# Dublin Buses - Download Data

This notebook downloads and consolidates the 31 Dublin Bus daily datasets into a single parquet file. The dataset is freely provided by the [Smart Dublin](https://data.smartdublin.ie/dataset/dublin-bus-gps-sample-data-from-dublin-city-council-insight-project) website. It contains the GPS traces of the Dublin buses for January 2013.

Notes:
* Please install the `pyarrow` package so you can use the parquet file format
* The final DataFrame is quite large and may impose some memory pressure on your machine

In [1]:
import numpy as np
import pandas as pd
import zipfile
import urllib
import os
from ipywidgets import interact, interact_manual
from tqdm import tqdm_notebook as tqdm

Prepare the file names for later use. The `data` folder may not yet exist on your project, but it will be created in due course.

In [2]:
zip_file_name = "data/sir010113-310113.zip"
parquet_file_name = "data/sir010113-310113.parquet"

In [3]:
def download_zip():
    url = "http://opendata.dublincity.ie/TrafficOpenData/sir010113-310113.zip"
    urllib.request.urlretrieve(url, zip_file_name)
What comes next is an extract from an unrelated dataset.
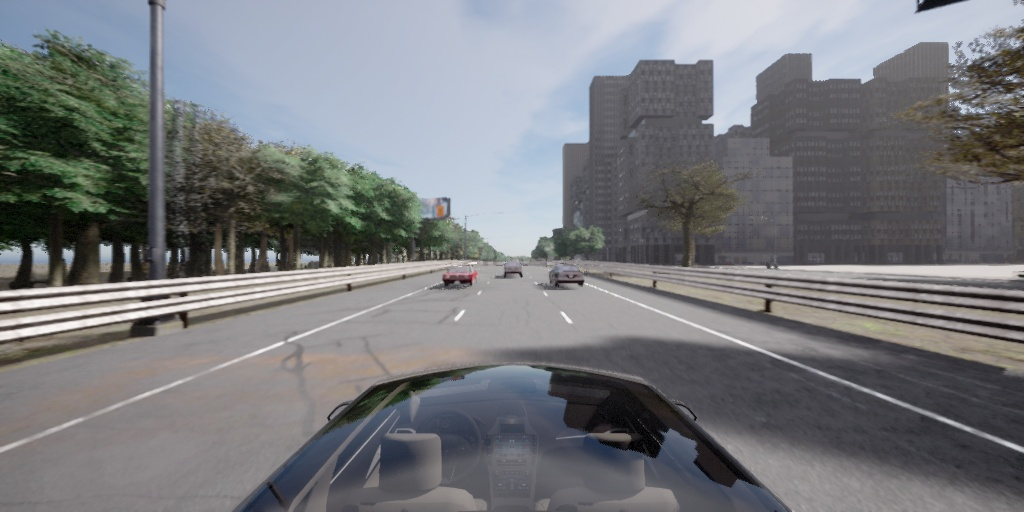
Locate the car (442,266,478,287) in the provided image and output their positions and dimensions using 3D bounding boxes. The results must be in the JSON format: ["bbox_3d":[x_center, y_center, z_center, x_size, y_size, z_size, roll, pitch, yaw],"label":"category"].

The `read_data_frame` function reads each of the daily datasets into a Pandas DataFrame. These are then concatenated into a single DataFrame and saved to storage.

In [4]:
def read_data_frame(filename):
    header = ['Timestamp', 'LineID', 'Direction', 'PatternID', 'TimeFrame', 
              'JourneyID', 'Operator', 'Congestion', 'Lon', 'Lat', 
              'Delay', 'BlockID', 'VehicleID', 'StopID', 'AtStop']   
    types = {'Timestamp': np.int64,
             'JourneyID': np.int32,
             'Congestion': np.int8,
             'Lon': np.float64,
             'Lat': np.float64,
             'Delay': np.int8,
             'VehicleID': np.int32,
             'AtStop': np.int8}
    df = pd.read_csv(filename, header=None, names=header, dtype=types, 
                     parse_dates=['TimeFrame'], infer_datetime_format=True)
    return df

The `prepare_data_frame` operates on the final DataFrame to make `NaN` replacements and final type changes that were not possible during reading.

In [5]:
def prepare_data_frame(df): 
    null_replacements = {'LineID': 0, 'StopID': 0}
    df = df.fillna(value=null_replacements)
    df['LineID'] = df['LineID'].astype(np.int32)
    df['StopID'] = df['StopID'].astype(np.int32)
    df['DateTime'] = pd.to_datetime(df['Timestamp'], unit='us')
    return df

The `read_zip_file` function reads in in all the extracted files into a single DataFrame. The generator expression makes the concatenation quite swift and precludes the use of other supporting variables. Note that as previously mentioned, this function may exert some pressure on your memory.

In [6]:
def read_zip_file(filename):
    final_df = None
    file_names = []
    
    print("Unzipping:")
    with zipfile.ZipFile(filename) as z:
        files = z.infolist()
        for f in tqdm(files):
            z.extract(f, path='data')
            file_names.append("data/" + f.filename)
    
    print("Concatenating:")
    df = pd.concat((read_data_frame(file) for file in tqdm(file_names)), ignore_index=True)
    
    print("Deleting:")
    for file in tqdm(file_names):
        os.remove(file)
        
    print("Terminating...")
    df = prepare_data_frame(df)
    return df

Create the `data` directory if it does not yet exist.

In [7]:
if not os.path.exists("data"):
    os.makedirs("data")

Conditionally download and process the data file. The download process can take a *long time*, so please make sure to retain the zip file for future use.

In [8]:
if not os.path.exists(zip_file_name):
    download_zip()

In [9]:
df = read_zip_file(zip_file_name)

Unzipping:


HBox(children=(IntProgress(value=0, max=31), HTML(value='')))


Concatenating:


HBox(children=(IntProgress(value=0, max=31), HTML(value='')))


Deleting:


HBox(children=(IntProgress(value=0, max=31), HTML(value='')))


Terminating...


Save the consolidated DataFrame to a parquet-formatted file. This is where you need the `pyarrow` package.

In [10]:
if not os.path.exists(parquet_file_name):
    df.to_parquet(parquet_file_name, index=False)

In [11]:
df = None

We are done. Please proceed to the next notebook to clean up the data.